-------- Records to use --------

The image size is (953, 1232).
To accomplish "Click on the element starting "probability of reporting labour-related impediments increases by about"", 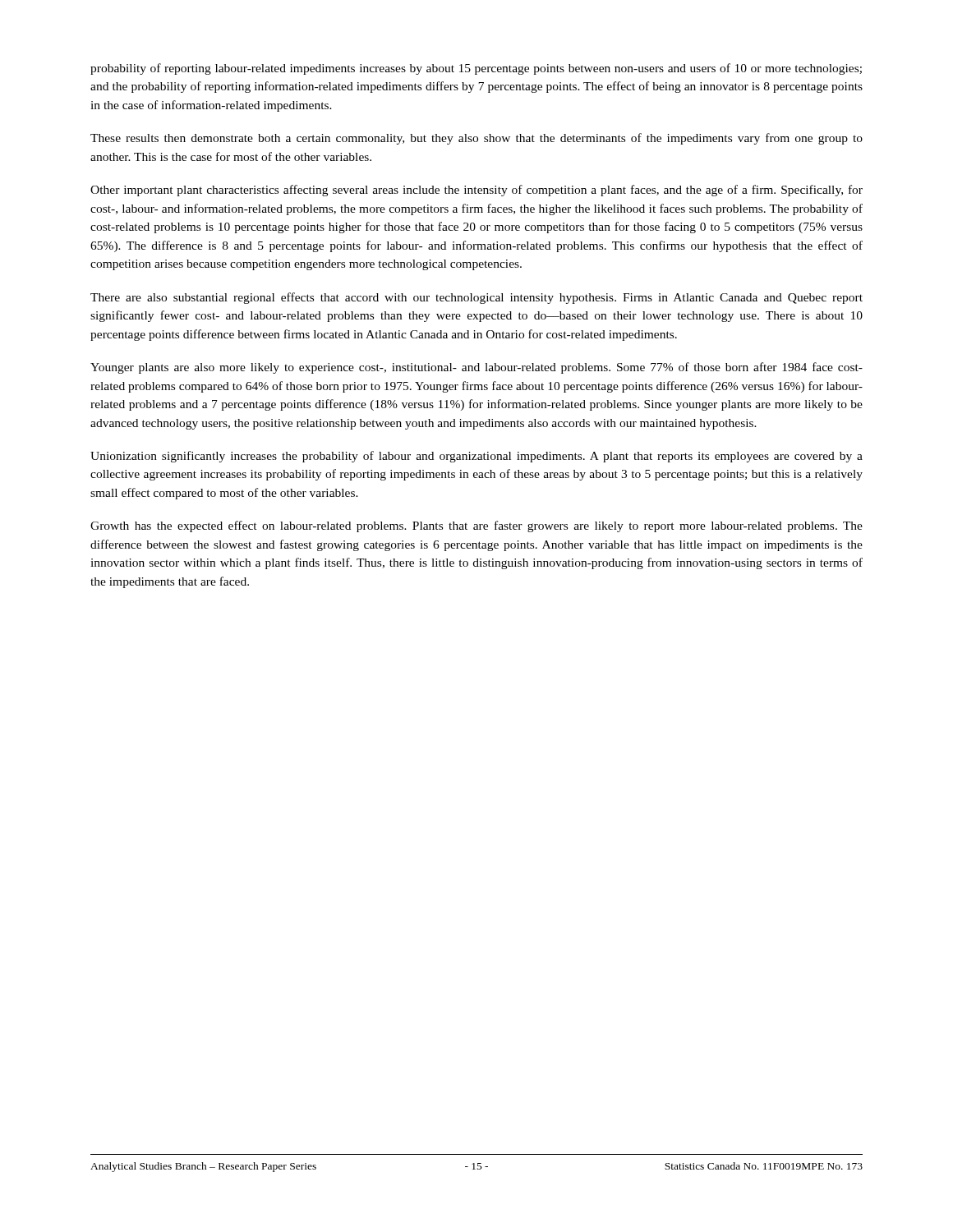I will click(x=476, y=86).
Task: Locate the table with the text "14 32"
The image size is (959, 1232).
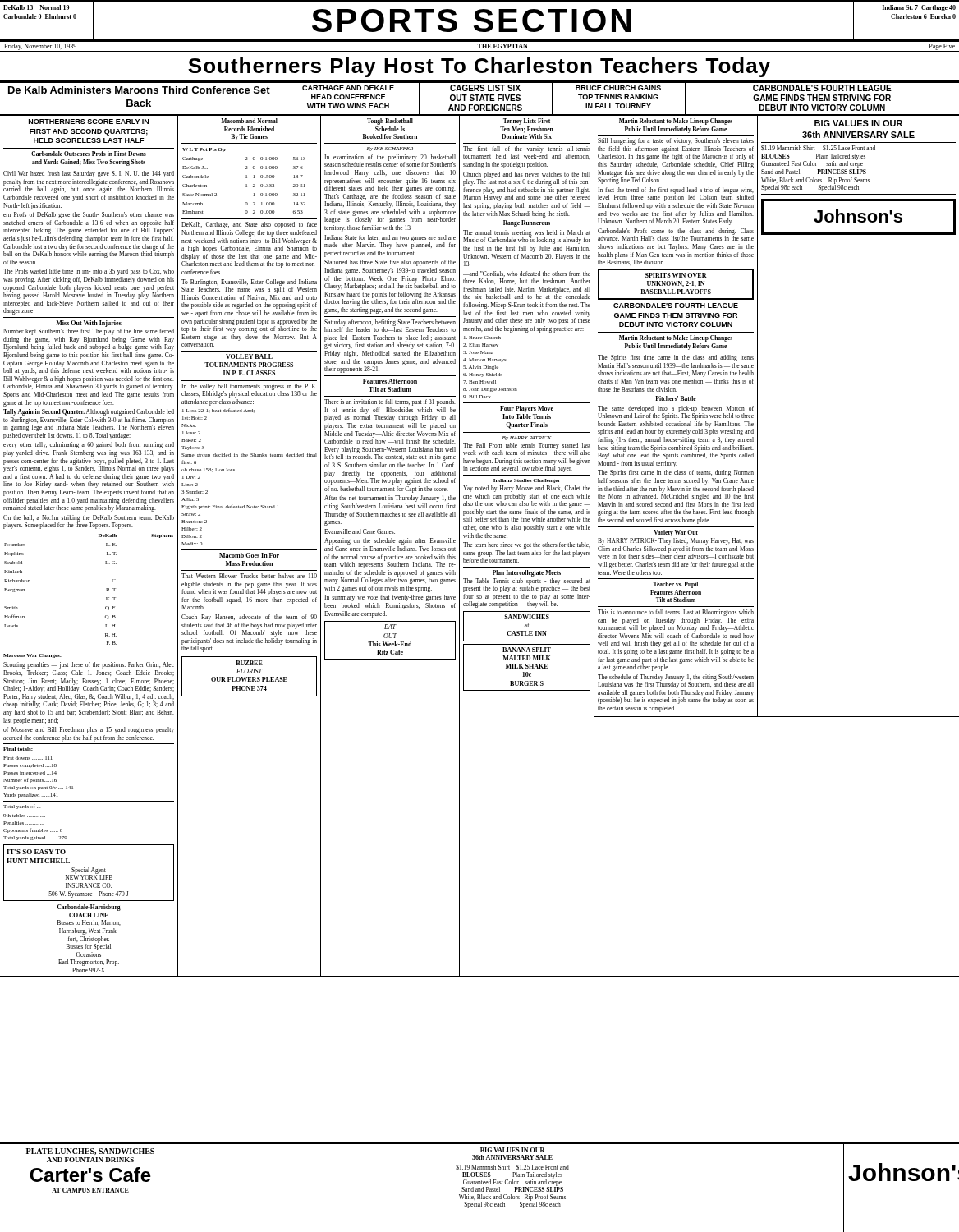Action: coord(249,181)
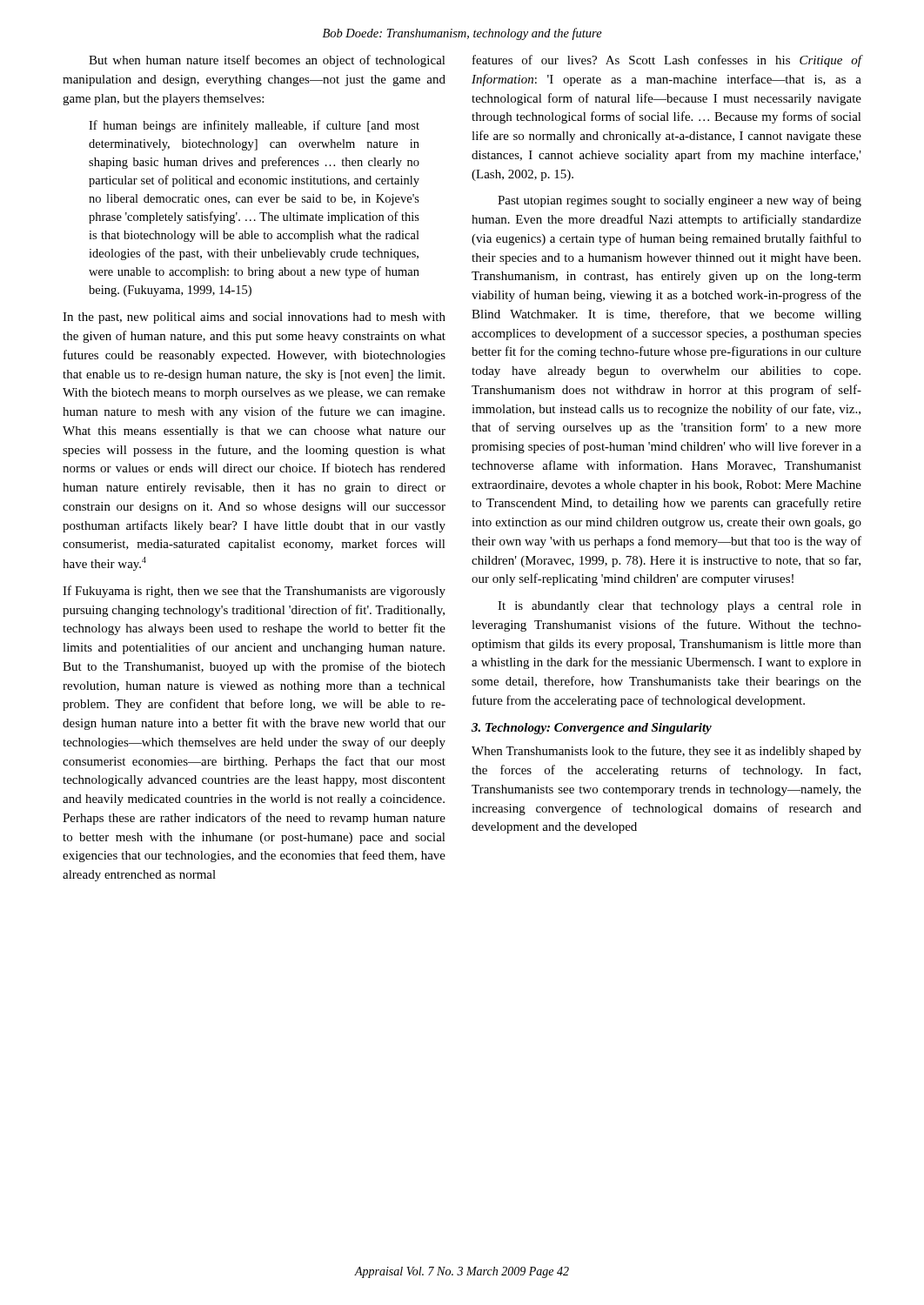Where is the passage that starts "But when human nature itself becomes an"?

click(254, 80)

--------

→ **Task to carry out**
Retype the lines starting with the one that holds "Task: Locate the" and ending with the last line of the data above, both included; skip the pictures.

→ **Your response**
Task: Locate the table with the text "14 32"
The image size is (959, 1232).
Action: coord(249,181)
Where is the passage that starts "But when human nature itself becomes an"?

click(254, 80)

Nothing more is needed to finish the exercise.